WORK REQUEST. Return, unaltered, every line from the beginning of the material below up to and including the one with "#9 bicycle (23, 528, 101, 593)".

INFORMATION SUPPLIED.
━━━━━━━━
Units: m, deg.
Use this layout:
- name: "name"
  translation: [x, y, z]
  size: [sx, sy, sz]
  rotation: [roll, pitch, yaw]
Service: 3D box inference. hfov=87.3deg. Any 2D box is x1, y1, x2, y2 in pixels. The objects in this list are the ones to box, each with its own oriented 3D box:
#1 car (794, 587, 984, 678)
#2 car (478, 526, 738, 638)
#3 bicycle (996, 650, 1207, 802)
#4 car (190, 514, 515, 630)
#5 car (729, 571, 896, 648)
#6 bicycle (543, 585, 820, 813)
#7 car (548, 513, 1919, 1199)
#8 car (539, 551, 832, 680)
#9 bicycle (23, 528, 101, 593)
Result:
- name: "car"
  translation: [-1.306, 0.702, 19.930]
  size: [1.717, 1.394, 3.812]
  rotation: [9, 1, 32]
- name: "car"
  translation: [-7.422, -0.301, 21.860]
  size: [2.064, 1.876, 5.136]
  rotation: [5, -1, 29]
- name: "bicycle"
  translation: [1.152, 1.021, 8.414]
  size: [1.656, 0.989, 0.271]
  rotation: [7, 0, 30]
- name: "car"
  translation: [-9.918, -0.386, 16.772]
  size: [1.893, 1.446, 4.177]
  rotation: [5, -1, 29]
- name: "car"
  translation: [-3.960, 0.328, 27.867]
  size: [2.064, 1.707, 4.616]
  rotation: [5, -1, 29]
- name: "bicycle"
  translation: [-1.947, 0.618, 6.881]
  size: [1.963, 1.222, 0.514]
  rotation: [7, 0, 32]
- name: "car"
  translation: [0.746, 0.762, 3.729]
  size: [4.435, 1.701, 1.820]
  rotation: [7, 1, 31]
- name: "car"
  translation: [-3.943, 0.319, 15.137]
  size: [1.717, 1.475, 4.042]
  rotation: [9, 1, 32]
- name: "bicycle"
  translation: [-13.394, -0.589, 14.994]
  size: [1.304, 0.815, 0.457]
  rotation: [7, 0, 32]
━━━━━━━━
OUTPUT BELOW.
Units: m, deg.
Use this layout:
- name: "name"
  translation: [x, y, z]
  size: [sx, sy, sz]
  rotation: [roll, pitch, yaw]
Service: 3D box inference. hfov=87.3deg. Any 2D box is x1, y1, x2, y2 in pixels. The objects in this list are the ones to box, each with its own oriented 3D box:
#1 car (794, 587, 984, 678)
#2 car (478, 526, 738, 638)
#3 bicycle (996, 650, 1207, 802)
#4 car (190, 514, 515, 630)
#5 car (729, 571, 896, 648)
#6 bicycle (543, 585, 820, 813)
#7 car (548, 513, 1919, 1199)
#8 car (539, 551, 832, 680)
#9 bicycle (23, 528, 101, 593)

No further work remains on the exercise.